Fecal Bacteria Transplant May Improve Parkinson’s Symptoms

Summary: A new clinical trial revealed fecal microbiota transplantation (FMT) as a potential new treatment for Parkinson’s disease (PD), showing significant improvement in motor symptoms. The study explores the connection between the gut microbiome and Parkinson’s, finding that patients with PD often exhibit altered gut bacteria and increased intestinal inflammation.

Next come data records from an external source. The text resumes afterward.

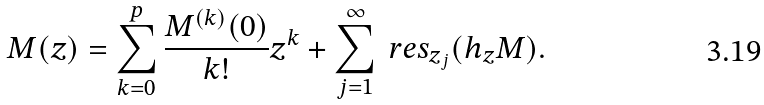<formula> <loc_0><loc_0><loc_500><loc_500>M ( z ) = \sum _ { k = 0 } ^ { p } \frac { M ^ { ( k ) } ( 0 ) } { k ! } z ^ { k } + \sum _ { j = 1 } ^ { \infty } \ r e s _ { z _ { j } } ( h _ { z } M ) .</formula> 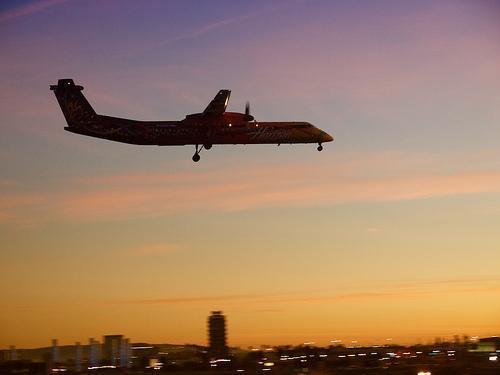How many planes are there?
Give a very brief answer. 1. 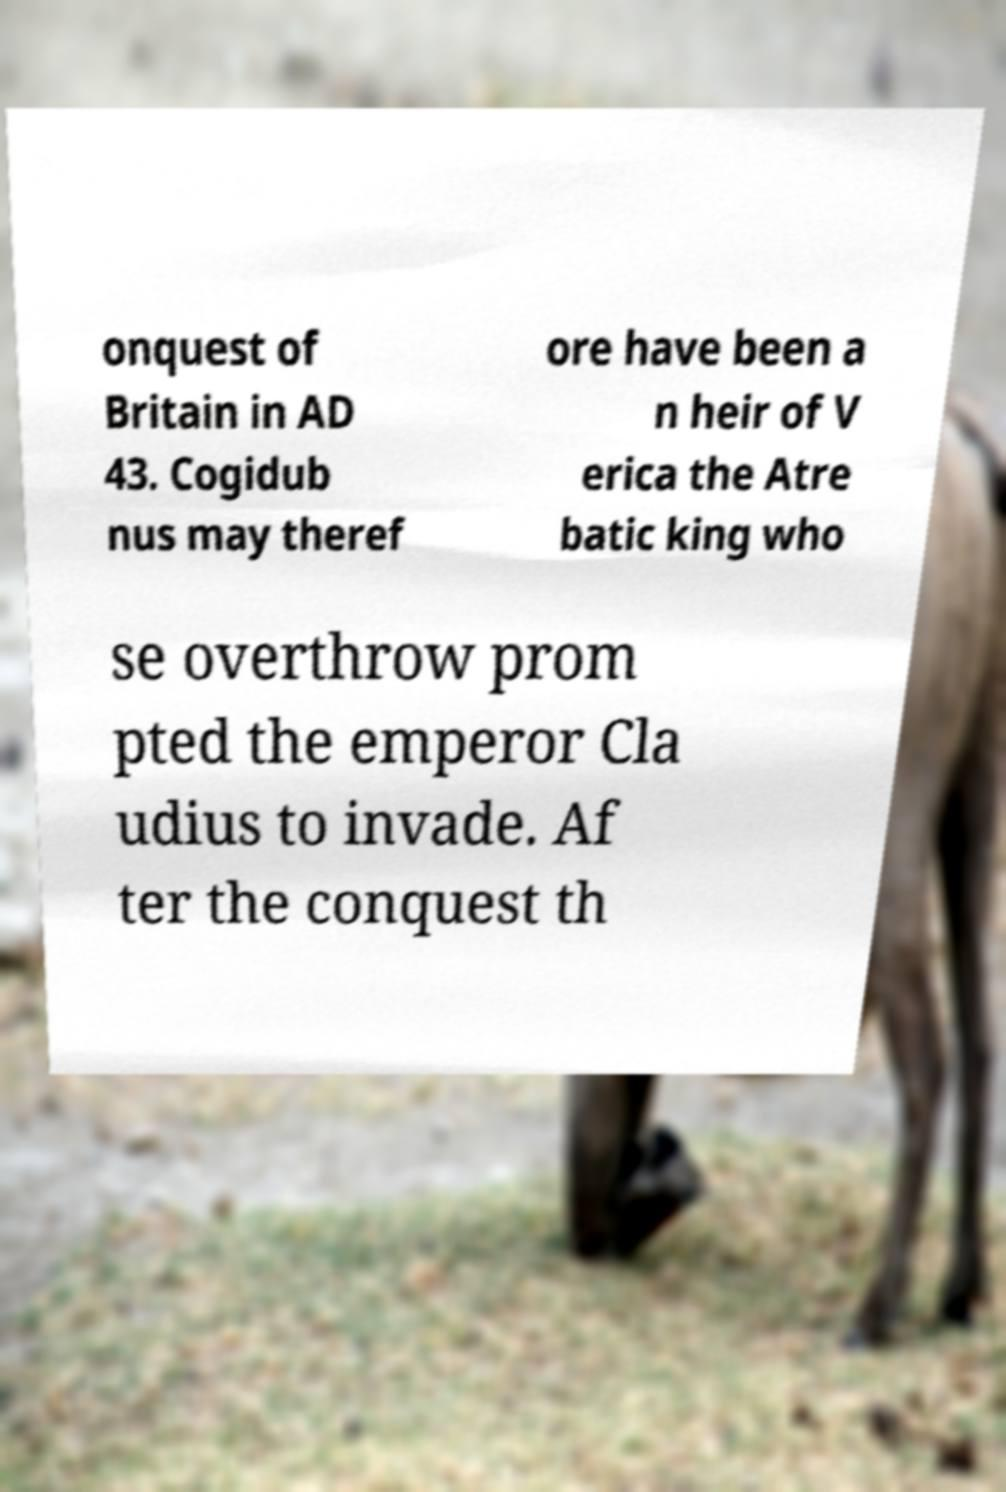I need the written content from this picture converted into text. Can you do that? onquest of Britain in AD 43. Cogidub nus may theref ore have been a n heir of V erica the Atre batic king who se overthrow prom pted the emperor Cla udius to invade. Af ter the conquest th 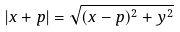<formula> <loc_0><loc_0><loc_500><loc_500>| x + p | = \sqrt { ( x - p ) ^ { 2 } + y ^ { 2 } }</formula> 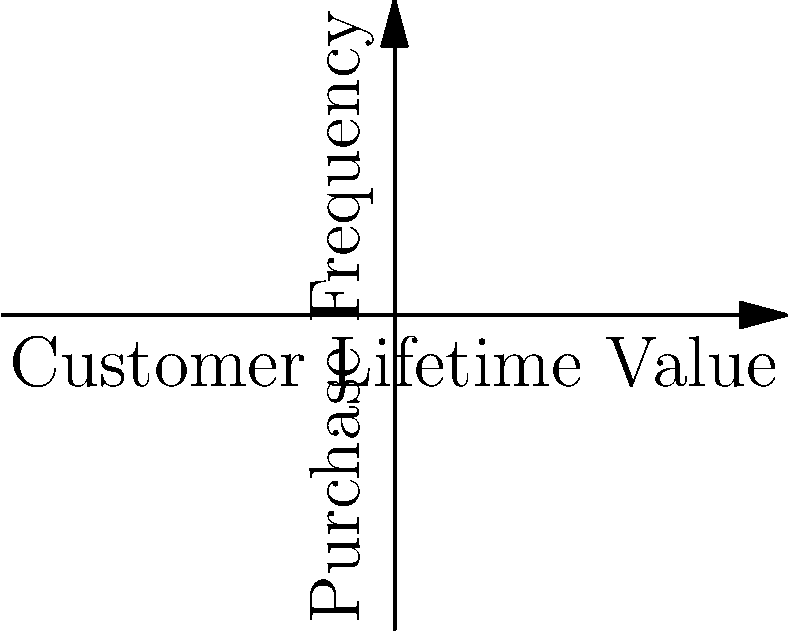As a successful business owner, you're analyzing customer segmentation data. The scatter plot shows customer segments based on Lifetime Value and Purchase Frequency. Which segment appears to have the highest potential for increased investment and targeted marketing strategies to maximize ROI? To determine the segment with the highest potential for increased investment and targeted marketing strategies, we need to analyze the scatter plot:

1. Identify the segments:
   - Segment A (red): Low Lifetime Value, Low Purchase Frequency
   - Segment B (green): Medium Lifetime Value, Medium Purchase Frequency
   - Segment C (blue): High Lifetime Value, High Purchase Frequency

2. Assess the characteristics of each segment:
   - Segment A: These customers have low engagement and low value. They might be new or infrequent customers.
   - Segment B: These customers show moderate engagement and value. They have potential for growth.
   - Segment C: These customers demonstrate high engagement and high value. They are likely loyal customers.

3. Consider the potential for increased ROI:
   - Segment A: High effort might be required to increase their value, with uncertain returns.
   - Segment B: Moderate effort could yield significant improvements in both frequency and value.
   - Segment C: These customers are already high-value, so incremental gains might be smaller but more certain.

4. Evaluate the risk-reward ratio:
   - Segment C has the lowest risk as these customers are already valuable.
   - Segment B has a balanced risk-reward profile with good potential for growth.
   - Segment A has the highest risk but potentially high rewards if successfully converted.

5. Consider the investor perspective:
   - Investors typically prefer strategies that balance growth potential with existing value.
   - Segment B offers the best opportunity to demonstrate both customer base expansion and value increase.

Based on this analysis, Segment B appears to have the highest potential for increased investment and targeted marketing strategies to maximize ROI. It offers a good balance of existing value and growth potential, which is attractive to investors and aligns with efficient use of marketing resources.
Answer: Segment B 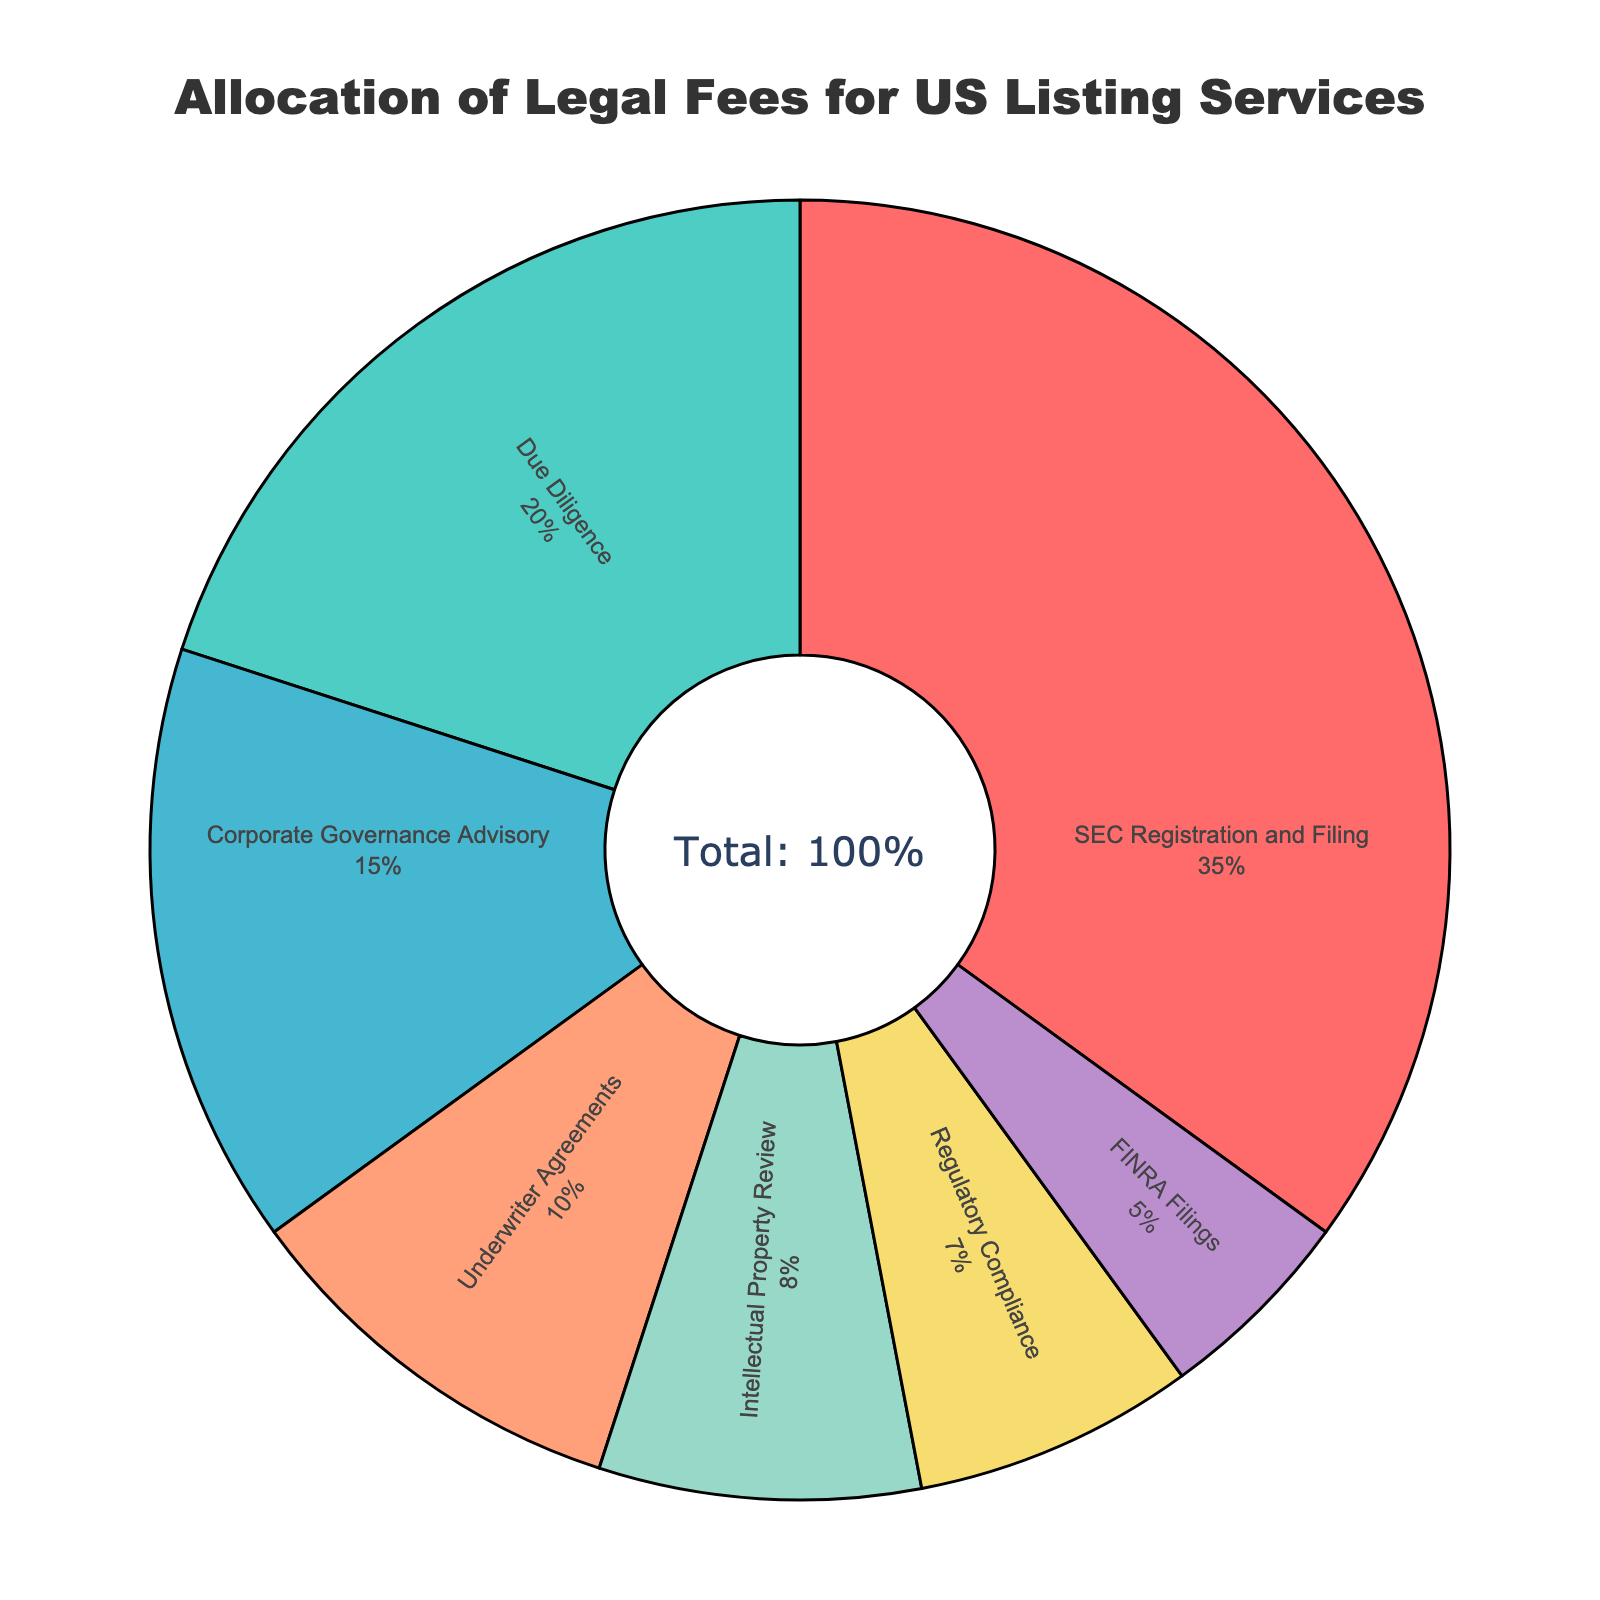What is the largest allocation percentage among the services? The largest allocation percentage can be found by looking at the segment that takes up the most space in the pie chart. In this case, it is labeled "SEC Registration and Filing" with a percentage of 35%.
Answer: 35% Which service has the smallest allocation, and what is its percentage? The smallest allocation percentage can be determined by finding the segment that takes up the least space. The slice labeled "FINRA Filings" has the smallest percentage of 5%.
Answer: FINRA Filings, 5% How much more is allocated to SEC Registration and Filing than to Regulatory Compliance? The allocation for SEC Registration and Filing is 35%, and for Regulatory Compliance, it is 7%. The difference is 35% - 7% = 28%.
Answer: 28% What is the total allocation percentage for Corporate Governance Advisory and Underwriter Agreements combined? The percentage allocations for Corporate Governance Advisory and Underwriter Agreements are 15% and 10%, respectively. Adding these together, we get 15% + 10% = 25%.
Answer: 25% Is the combined allocation for Due Diligence and Intellectual Property Review more or less than the allocation for SEC Registration and Filing? By how much? Due Diligence has an allocation of 20%, and Intellectual Property Review has 8%. Together, they total 20% + 8% = 28%. Compared to SEC Registration and Filing's 35%, this combined amount is less by 35% - 28% = 7%.
Answer: Less, by 7% What percentage of the total allocation is dedicated to Underwriter Agreements and FINRA Filings together? The allocation percentages for Underwriter Agreements and FINRA Filings are 10% and 5%, respectively. Together, they make up 10% + 5% = 15%.
Answer: 15% Which data point represents the green color segment, and what percentage does it have? According to the color scheme, the green color segment corresponds to Due Diligence. The percentage associated with this segment is 20%.
Answer: Due Diligence, 20% How does the allocation for Regulatory Compliance compare to that for Intellectual Property Review? The allocation for Regulatory Compliance is 7%, while for Intellectual Property Review, it is 8%. 7% is less than 8% by 1%.
Answer: Less by 1% What is the combined percentage allocation for all services except SEC Registration and Filing? Subtract the percentage for SEC Registration and Filing (35%) from the total (100%). The combined percentage allocation is 100% - 35% = 65%.
Answer: 65% What percentage of the total allocation is dedicated to services that are each allocated less than 10%? List those services as well. The services with less than 10% allocation are Intellectual Property Review (8%), Regulatory Compliance (7%), and FINRA Filings (5%). The combined percentage is 8% + 7% + 5% = 20%.
Answer: 20%, Intellectual Property Review, Regulatory Compliance, FINRA Filings 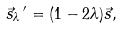<formula> <loc_0><loc_0><loc_500><loc_500>\vec { s } _ { \lambda } \, ^ { \prime } = ( 1 - 2 \lambda ) \vec { s } ,</formula> 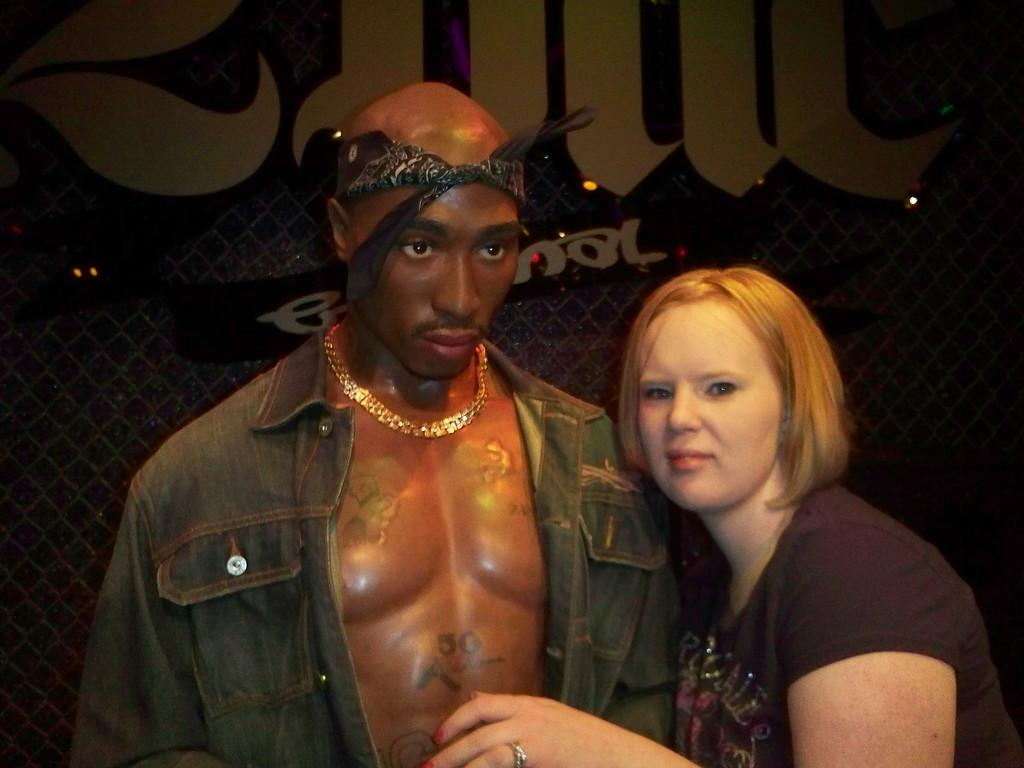How many people are in the image? There are two people standing in the center of the image. What are the people wearing? One of the men is wearing a jacket. What accessory does the man wearing a jacket have? The man wearing a jacket has a chain. What can be seen in the background of the image? There is a wall and lights visible in the background of the image. What type of food is being served in the image? There is no food visible in the image. Can you describe the view from the location in the image? The image does not provide enough information to describe the view from the location.

By transplanting healthy donor stool into patients with early-stage PD, researchers noted marked improvements in motor functions and reductions in constipation over 12 months, highlighting FMT’s promise for enhancing the quality of life for those with PD.

Key Facts:

  1. The clinical study demonstrated that FMT significantly improved motor symptoms in Parkinson’s patients compared to a placebo group after one year.
  2. This research underscores the emerging link between the gut microbiome and neurodegenerative diseases, suggesting that gut bacteria play a crucial role in the development and symptomatology of PD.
  3. The study’s success opens the door for further research into targeted therapies, such as developing a ‘bacterial pill’ that could offer a less invasive treatment option for PD in the future.

Source: VIB

Parkinson’s disease (PD) is a common neurodegenerative disease that affects millions worldwide.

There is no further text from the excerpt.